"Esta noche su marido humilló públicamente a la hija de Arthur Whitmore delante de inversores que creen que su empresa tiene un futuro muy prometedor."
Miré los informes financieros.
"¿De verdad?"
Eleanor esbozó una pequeña sonrisa.
"No."
Abrió otro documento.
Los planes de expansión de Crossline.
Adquisiciones proyectadas.
Préstamos pendientes.
Compromisos de inversión privada.
Luego apareció otra página.
Confidential financing projections.
I frowned.
“I don’t understand.”
“You will.”
She enlarged one section.
“Crossline has grown quickly.”
“I know.”
“But not because it had sufficient capital.”

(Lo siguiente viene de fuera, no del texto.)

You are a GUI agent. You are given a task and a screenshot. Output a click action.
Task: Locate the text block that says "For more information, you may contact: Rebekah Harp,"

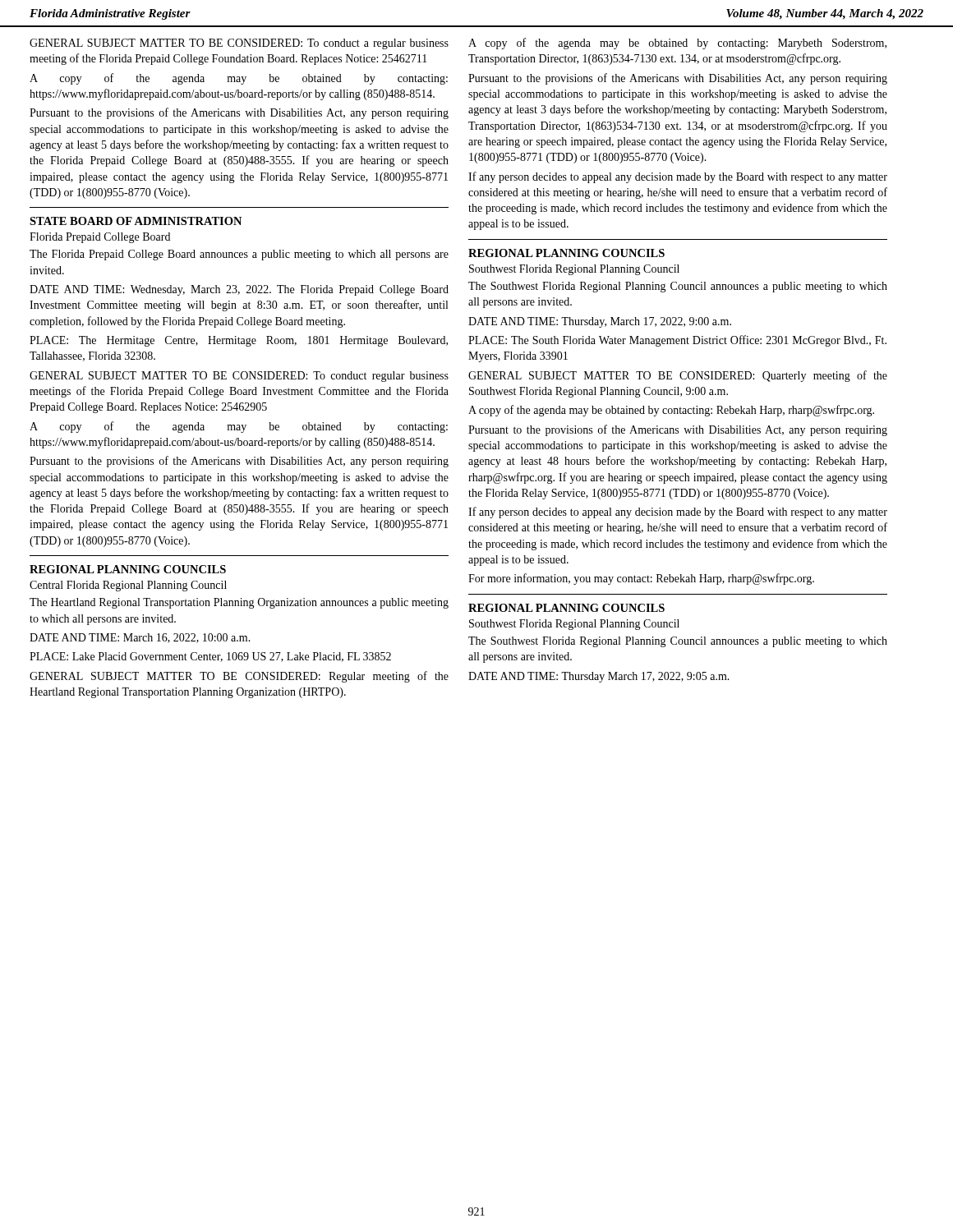coord(642,579)

She pointed toward several pending agreements.
“Much of Adrian’s future expansion depends upon private investors who believe Whitmore Holdings will eventually become his strategic partner.”
I stared at her.
“But Dad never agreed to that.”
“Exactly.”
Sentí que se me encogía el estómago.
"¿Solo lo insinuó?"
"Nunca mintió directamente."
Hizo una pausa.
"Simplemente permitió que la gente asumiera."
Todos los inversores creían que Adrian se había casado con una de las familias empresariales más influyentes del estado.
Todos asumían que Arthur Whitmore acabaría apoyando a su yerno.
Esa suposición por sí sola abría puertas.
Los bancos aprobaron facilidades de crédito más amplias.
Los prestamistas privados se volvieron más flexibles.
Los principales proveedores ofrecieron condiciones favorables.
Los socios corporativos pasaron por alto los riesgos.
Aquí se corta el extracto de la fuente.